We interrupt our regularly scheduled performance running reviews to bring you this sub-$100 model. Not everyone can afford triple digit shoes, and that’s OK. We got the opportunity to check out something a little less pricey, and it’s actually not a terrible option.
One of the first things you might notice about the Cosmic 2 is its similar design to Adidas’ own Pure Boost DPR. However, instead of using Boost foam, this one uses Cloudfoam. This is basically just a proprietary version of run-of-the-mill EVA foam (it feels like there’s also some rubber content in there). It’s what Adidas uses in their lower-cost models and some sandals. On the plus side, Cloudfoam feels a little bouncier compared to say, bargain basement EVA stuff that you’d find in shoes by Champion or similar brands. We’d actually place it a little above the FreshFoam used in the New Balance Arishi, even though that’s one of NB’s signature cushioning systems. Truth be told, the last time this reviewer owned regular EVA shoes was some Nike Cortez’s while attending university. With my background in more expensive shoes, I was actually very impressed with Cloudfoam. That said, Boost it is not, or even the newer Bounce foam. A good comparison would be more like Nike’s Lunarlon or the foam set-up in the Brooks PureCadence (DNA foam, but much less of it). It unfortunately is not as good as either of those at absorbing shock, so heavier people on longer runs may be really rubbing their legs, afterward.
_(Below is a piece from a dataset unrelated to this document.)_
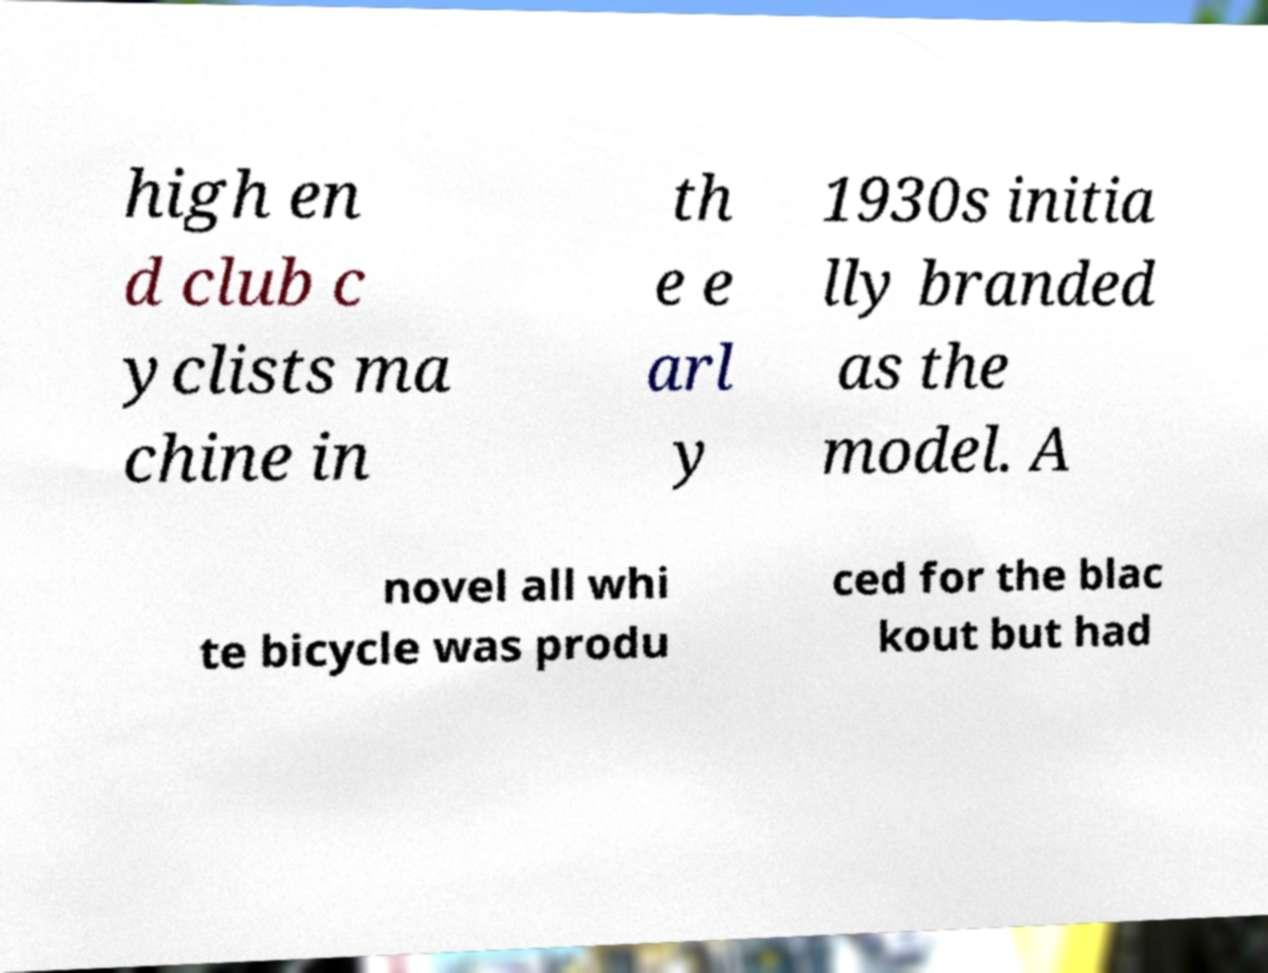I need the written content from this picture converted into text. Can you do that? high en d club c yclists ma chine in th e e arl y 1930s initia lly branded as the model. A novel all whi te bicycle was produ ced for the blac kout but had

The upper is minimal in design, but no frills in function. It’s a little warmer and thicker than the Pure Boost DPR, despite looking very similar. It’s mildly supportive (as is the sole), and is on the narrow side. Overall, the best use of this shoe would be on the track or treadmill, where the relative softness of such surfaces will lend a hand to the shoe’s durability and performance.
The Adidas Cosmic 2 isn’t an amazing shoe. But it is MSRPed at $70, and sales will drive that price down even more. This reviewer’s preference is for the Galaxy 3, which has the same midsole and is $10 cheaper, while being a little wider. However, the Cosmic 2 is a bit more fashionable. It’s not built to last and not fantastic for people with a lot of pain/joint/weight concerns, but it’ll get the job done when you need it to.